Short and Sweet -- Lessons for My Daughter

My husband says, “Parenting is a full contact sport around here.” And he’s right. Parents spend so much time worrying and competing over stupid stuff. Cases in point…
Am I pushing the right stroller? Ummm…does it have wheels? Is your child comfortable and willing to spend more than two minutes strapped into it? Does it have a cup holder? If so, you are probably good.
Is my infant enrolled in enough enrichment classes? Full disclosure: Yes, I admit that my daughter and I did Itsy Bitsy Yoga BUT it was an awesome way for to me to acclimate to taking her out of the house by myself and I frequently used some of the techniques in the real world to successfully calm her down. Plus, I met two amazing moms that I still spend time with…okay, maybe I should not pick on the infant classes. Although, I stand by my stance that six month olds do not need art appreciation.
Why doesn’t my child sleep according to the schedule in the book? Maybe if you leave the book open for your child’s perusal during tummy time, they will pick it up.
Will my toddler’s preschool prepare her for an Ivy? All I am looking for is a safe and comforting place for her to get a little bit of socialization, play outside, sing some songs, and make a few crafts. Plus, the few hours twice a week help keep me sane. Everybody knows that a happy mom makes for an even happier family!   
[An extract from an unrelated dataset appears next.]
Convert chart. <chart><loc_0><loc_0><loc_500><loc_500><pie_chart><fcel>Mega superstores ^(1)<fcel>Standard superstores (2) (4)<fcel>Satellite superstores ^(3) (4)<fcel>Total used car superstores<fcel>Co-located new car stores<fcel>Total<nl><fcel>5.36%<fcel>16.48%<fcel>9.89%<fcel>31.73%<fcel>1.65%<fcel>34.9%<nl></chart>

I have only been at this mom gig for a little over two years but I am sure it just gets more intense from here. This area is full of highly educated, driven, and successful people, therefore, it should not be surprising that everyone wants their children to attend the very best schools (even if it costs $35,000 a year), be on the most competitive athletic teams, and go on to prestigious universities. With all of this nonsense in the air, it could be easy to lose sight of what is really important. With this in mind, I have been giving two questions a great deal of thought this week: 1) What do I want to pass on to my daughter? 2) What do I consider the truly important lessons? This is a work in progress but here is what I have come up with so far. Short and sweet -- much like my lovable toddler.
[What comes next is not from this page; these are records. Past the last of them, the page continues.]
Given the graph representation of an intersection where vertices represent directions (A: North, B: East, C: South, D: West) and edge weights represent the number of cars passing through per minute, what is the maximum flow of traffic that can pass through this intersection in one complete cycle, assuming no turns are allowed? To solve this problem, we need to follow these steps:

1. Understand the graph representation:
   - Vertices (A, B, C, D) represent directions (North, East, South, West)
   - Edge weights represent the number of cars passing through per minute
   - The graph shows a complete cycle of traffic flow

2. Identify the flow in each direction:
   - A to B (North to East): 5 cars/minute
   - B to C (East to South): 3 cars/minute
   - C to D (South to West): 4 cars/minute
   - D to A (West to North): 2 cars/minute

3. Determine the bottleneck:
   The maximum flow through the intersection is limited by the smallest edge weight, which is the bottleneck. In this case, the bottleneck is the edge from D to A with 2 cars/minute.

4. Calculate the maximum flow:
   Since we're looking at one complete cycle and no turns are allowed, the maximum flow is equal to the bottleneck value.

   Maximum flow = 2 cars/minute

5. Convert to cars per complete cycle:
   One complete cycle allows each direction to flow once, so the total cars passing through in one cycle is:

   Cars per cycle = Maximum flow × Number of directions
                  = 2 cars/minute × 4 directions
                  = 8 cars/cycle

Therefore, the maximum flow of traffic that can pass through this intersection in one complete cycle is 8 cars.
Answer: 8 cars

Use your manners. “Please” and “thank you” are a few of the words that keep our society from completely spiraling out of control. Do your part – yes, even at two years old. 
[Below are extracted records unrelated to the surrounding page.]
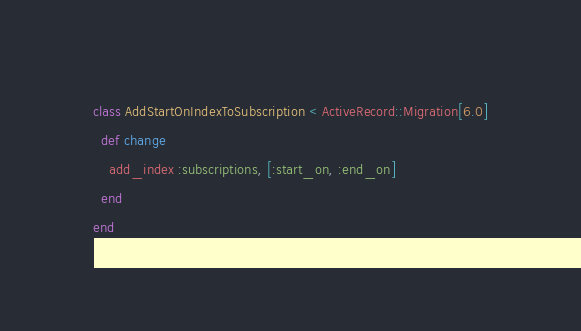<code> <loc_0><loc_0><loc_500><loc_500><_Ruby_>class AddStartOnIndexToSubscription < ActiveRecord::Migration[6.0]
  def change
    add_index :subscriptions, [:start_on, :end_on]
  end
end
</code> 
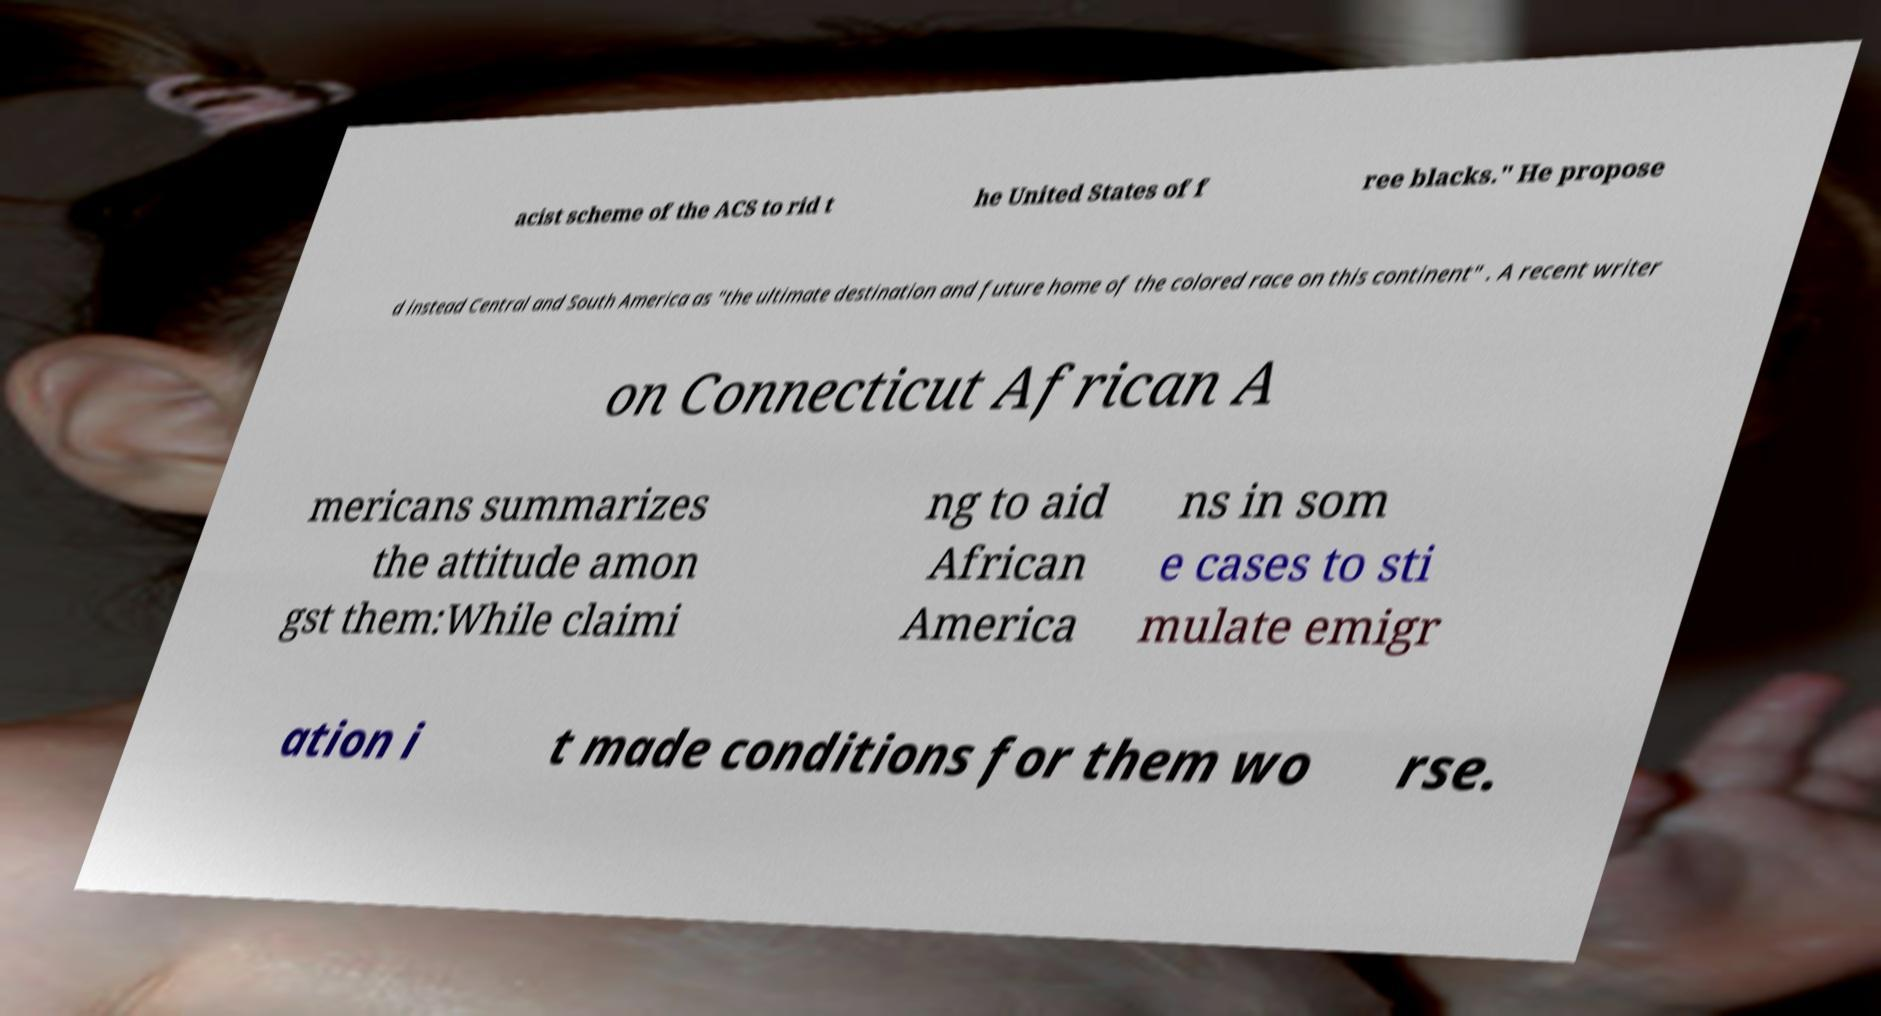There's text embedded in this image that I need extracted. Can you transcribe it verbatim? acist scheme of the ACS to rid t he United States of f ree blacks." He propose d instead Central and South America as "the ultimate destination and future home of the colored race on this continent" . A recent writer on Connecticut African A mericans summarizes the attitude amon gst them:While claimi ng to aid African America ns in som e cases to sti mulate emigr ation i t made conditions for them wo rse.

Make good choices. The popular one is rarely the best option.
Books are your friend. Losing yourself in the pages of a good book is one of life’s sweetest pleasures.
Relationships with friends and family can sometimes be hard work – do not be scared to put in the effort.
Fight for your own happiness. Nobody else can do it for you. (Ignore the people that say going after happiness is a silly pursuit. They will get it one day.)
It is not a bad idea to always have a snack with you. You never know when your blood sugar will need a pick me up. Plus, you will be able to share it with others and sharing your snack with a hungry friend will make it taste even sweeter.